Overall, we found that the price and sales of vehicles are steadily going up, despite the major set back that was the COVID-19 pandemic. The car market is recovering and maybe the world will too.

With the new car data, we didn't have an effective model at predicting future sales because of the massive variation in sales. However, we found that the regression would worked well for finding average car sales and would likely work better for sales data in a longer time frame. We also saw the impact the pandemic had on all sales, as the residual data showed that April of 2020 significantly reduced the variance and average of all car sales.

Through used car data, we were able to determine important factors of a cars price, specifically make, year, and type of car contributing heavily to the price of the car. Specifically, the car type of SUV seems the hardest to predict with this dataset as it contains very high used car prices in later years compared to earlier years. With this analysis, one can determine what their current car could be valued on craigslist given its make, year, and type to determine whether it is worth it to consider selling their current used car for a new car.

The information about price of used cars that had multiple posting dates showed that on average the price does not change over the years for a car with the same make, model, and year.

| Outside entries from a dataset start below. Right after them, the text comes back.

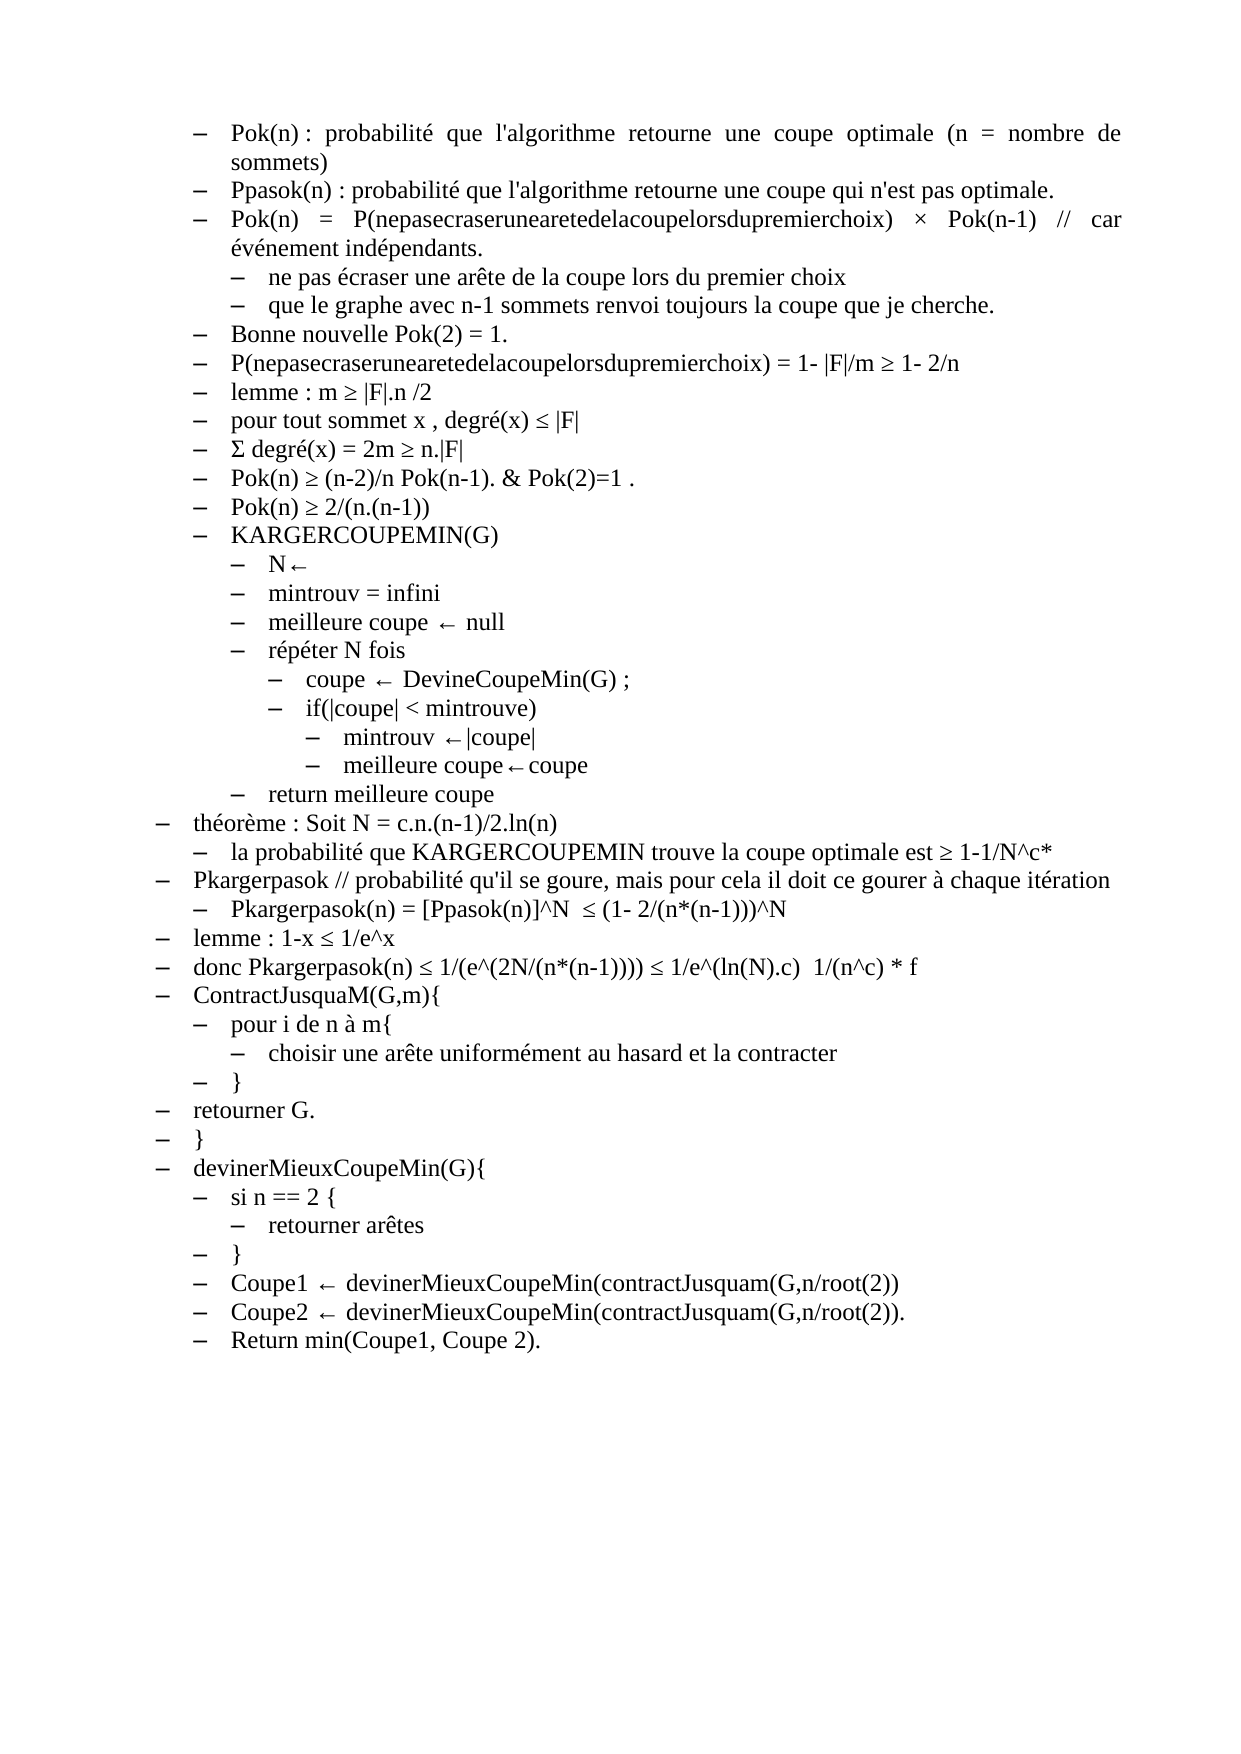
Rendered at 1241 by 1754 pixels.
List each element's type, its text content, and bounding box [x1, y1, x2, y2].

list meilleure coupe ← null [231, 607, 1122, 636]
list répéter N fois [231, 636, 1122, 664]
list donc Pkargerpasok(n) ≤ 1/(e^(2N/(n*(n-1)))) ≤ 1/e^(ln(N).c) 1/(n^c) * f [156, 952, 1122, 981]
list Coupe2 ← devinerMieuxCoupeMin(contractJusquam(G,n/root(2)). [193, 1297, 1122, 1326]
list Pok(n) = P(nepasecraserunearetedelacoupelorsdupremierchoix) × Pok(n-1) // car événement indépendants. [193, 204, 1122, 262]
list P(nepasecraserunearetedelacoupelorsdupremierchoix) = 1- |F|/m ≥ 1- 2/n [193, 348, 1122, 377]
list Bonne nouvelle Pok(2) = 1. [193, 319, 1122, 348]
list retourner arêtes [231, 1211, 1122, 1239]
list KARGERCOUPEMIN(G) [193, 521, 1122, 549]
list si n == 2 { [193, 1182, 1122, 1211]
list devinerMieuxCoupeMin(G){ [156, 1153, 1122, 1182]
list } [156, 1124, 1122, 1153]
list Coupe1 ← devinerMieuxCoupeMin(contractJusquam(G,n/root(2)) [193, 1268, 1122, 1297]
list ContractJusquaM(G,m){ [156, 981, 1122, 1009]
list Pok(n) ≥ 2/(n.(n-1)) [193, 492, 1122, 521]
list } [193, 1067, 1122, 1096]
list return meilleure coupe [231, 779, 1122, 808]
list mintrouv = infini [231, 578, 1122, 607]
list retourner G. [156, 1096, 1122, 1124]
list que le graphe avec n-1 sommets renvoi toujours la coupe que je cherche. [231, 291, 1122, 319]
list N← [231, 549, 1122, 578]
list meilleure coupe←coupe [306, 751, 1122, 779]
list Pkargerpasok(n) = [Ppasok(n)]^N ≤ (1- 2/(n*(n-1)))^N [193, 894, 1122, 923]
list ne pas écraser une arête de la coupe lors du premier choix [231, 262, 1122, 291]
list pour tout sommet x , degré(x) ≤ |F| [193, 406, 1122, 434]
list lemme : m ≥ |F|.n /2 [193, 377, 1122, 406]
list Σ degré(x) = 2m ≥ n.|F| [193, 434, 1122, 463]
list Pkargerpasok // probabilité qu'il se goure, mais pour cela il doit ce gourer à chaque itération [156, 866, 1122, 894]
list Pok(n) ≥ (n-2)/n Pok(n-1). & Pok(2)=1 . [193, 463, 1122, 492]
list if(|coupe| < mintrouve) [268, 693, 1122, 722]
list Pok(n) : probabilité que l'algorithme retourne une coupe optimale (n = nombre de sommets) [193, 118, 1122, 176]
list pour i de n à m{ [193, 1009, 1122, 1038]
list } [193, 1239, 1122, 1268]
list Ppasok(n) : probabilité que l'algorithme retourne une coupe qui n'est pas optimale. [193, 176, 1122, 204]
list Return min(Coupe1, Coupe 2). [193, 1326, 1122, 1354]
list choisir une arête uniformément au hasard et la contracter [231, 1038, 1122, 1067]
list coupe ← DevineCoupeMin(G) ; [268, 664, 1122, 693]
list mintrouv ←|coupe| [306, 722, 1122, 751]
list théorème : Soit N = c.n.(n-1)/2.ln(n) [156, 808, 1122, 837]
list lemme : 1-x ≤ 1/e^x [156, 923, 1122, 952]
list la probabilité que KARGERCOUPEMIN trouve la coupe optimale est ≥ 1-1/N^c* [193, 837, 1122, 866]

This is helpful for people on the fence about what time to put their used car up on sale because the analysis shows that on average, it does not affect the price and that you should check for reviews on its longevity and efficiency to determine if it will go up or down.

We hope that this tutorial taught you something about the data science pipeline. By looking at two unique sets of data, we wanted to demonstrate some of the variety in data science applications, and how some models may fail while others may succeed.